_Record extracts_.
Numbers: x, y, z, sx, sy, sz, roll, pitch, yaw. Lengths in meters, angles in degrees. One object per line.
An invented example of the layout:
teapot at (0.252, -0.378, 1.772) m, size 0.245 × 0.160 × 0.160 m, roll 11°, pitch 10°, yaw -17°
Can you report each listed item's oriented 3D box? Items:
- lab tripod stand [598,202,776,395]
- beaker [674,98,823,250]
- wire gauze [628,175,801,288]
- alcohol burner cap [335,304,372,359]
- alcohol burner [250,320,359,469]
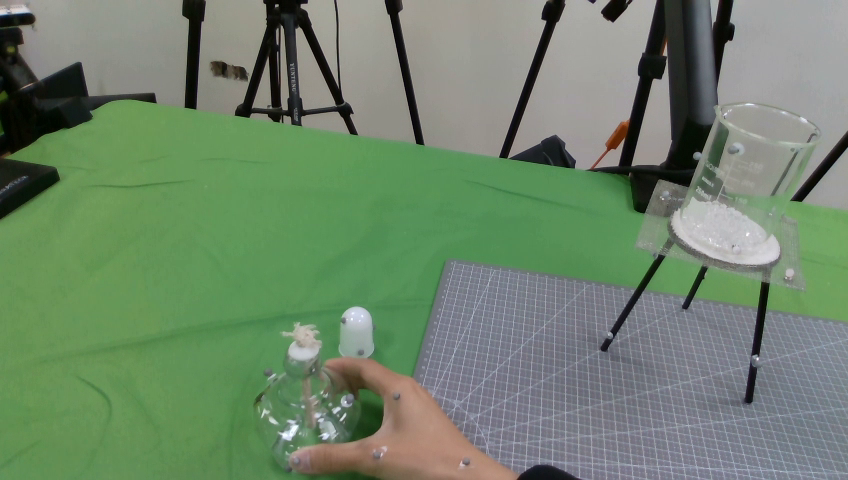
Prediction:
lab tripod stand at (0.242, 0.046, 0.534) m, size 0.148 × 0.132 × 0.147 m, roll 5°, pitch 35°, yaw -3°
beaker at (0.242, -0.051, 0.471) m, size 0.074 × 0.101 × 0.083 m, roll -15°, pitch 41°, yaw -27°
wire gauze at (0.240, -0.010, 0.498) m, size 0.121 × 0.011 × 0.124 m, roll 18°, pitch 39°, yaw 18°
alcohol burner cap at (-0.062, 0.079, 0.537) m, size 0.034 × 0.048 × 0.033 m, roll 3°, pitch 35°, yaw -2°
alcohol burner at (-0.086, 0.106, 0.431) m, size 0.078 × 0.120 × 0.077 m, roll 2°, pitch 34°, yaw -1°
==
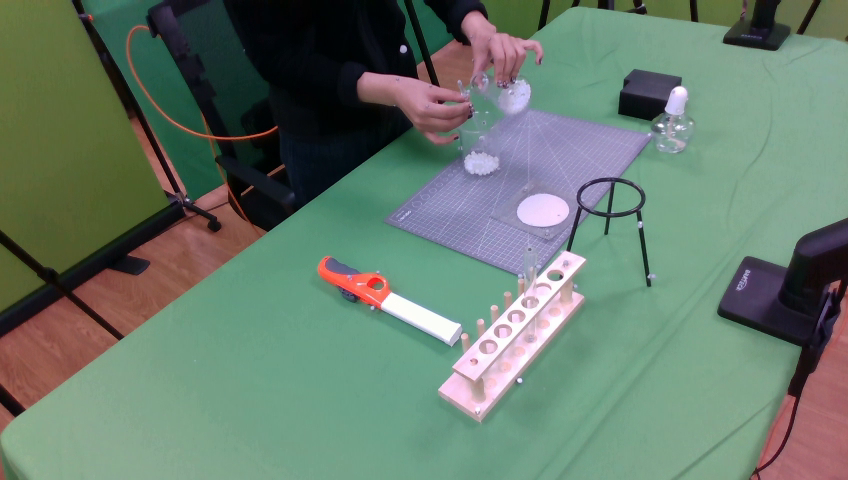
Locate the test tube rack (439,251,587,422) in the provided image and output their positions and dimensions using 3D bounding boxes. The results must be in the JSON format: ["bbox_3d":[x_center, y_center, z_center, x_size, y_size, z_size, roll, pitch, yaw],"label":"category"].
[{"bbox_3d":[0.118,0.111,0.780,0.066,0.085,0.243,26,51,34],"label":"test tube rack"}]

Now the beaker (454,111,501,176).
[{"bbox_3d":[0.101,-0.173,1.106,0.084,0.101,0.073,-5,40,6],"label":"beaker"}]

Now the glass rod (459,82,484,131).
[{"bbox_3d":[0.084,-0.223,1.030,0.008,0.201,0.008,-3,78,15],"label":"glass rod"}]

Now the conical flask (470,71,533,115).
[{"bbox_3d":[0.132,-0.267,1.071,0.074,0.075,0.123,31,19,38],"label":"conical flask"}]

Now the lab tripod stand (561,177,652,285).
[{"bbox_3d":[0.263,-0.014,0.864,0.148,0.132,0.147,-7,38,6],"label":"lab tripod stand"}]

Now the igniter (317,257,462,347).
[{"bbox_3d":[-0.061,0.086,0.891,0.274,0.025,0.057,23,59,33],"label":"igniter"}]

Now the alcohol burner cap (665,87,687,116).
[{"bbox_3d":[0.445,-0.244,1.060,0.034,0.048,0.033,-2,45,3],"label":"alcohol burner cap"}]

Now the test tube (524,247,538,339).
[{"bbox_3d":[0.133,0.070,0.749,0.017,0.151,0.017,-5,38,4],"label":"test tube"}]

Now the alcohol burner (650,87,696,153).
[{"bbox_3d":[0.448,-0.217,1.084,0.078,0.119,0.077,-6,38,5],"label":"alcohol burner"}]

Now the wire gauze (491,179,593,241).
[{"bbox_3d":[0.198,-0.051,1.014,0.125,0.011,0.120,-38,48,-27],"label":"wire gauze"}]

_Exercise prompt_. Since only part of the listing is wanted, copy exactly the lines from the one holding "Numbers: x, y, z, sx, sy, sz, roll, pitch, yaw." to the one holding "- wire gauze [628,175,801,288]", both included.

_Expected output_.
Numbers: x, y, z, sx, sy, sz, roll, pitch, yaw. Lengths in meters, angles in degrees. One object per line.
An invented example of the layout:
teapot at (0.252, -0.378, 1.772) m, size 0.245 × 0.160 × 0.160 m, roll 11°, pitch 10°, yaw -17°
Can you report each listed item's oriented 3D box? Items:
- lab tripod stand [598,202,776,395]
- beaker [674,98,823,250]
- wire gauze [628,175,801,288]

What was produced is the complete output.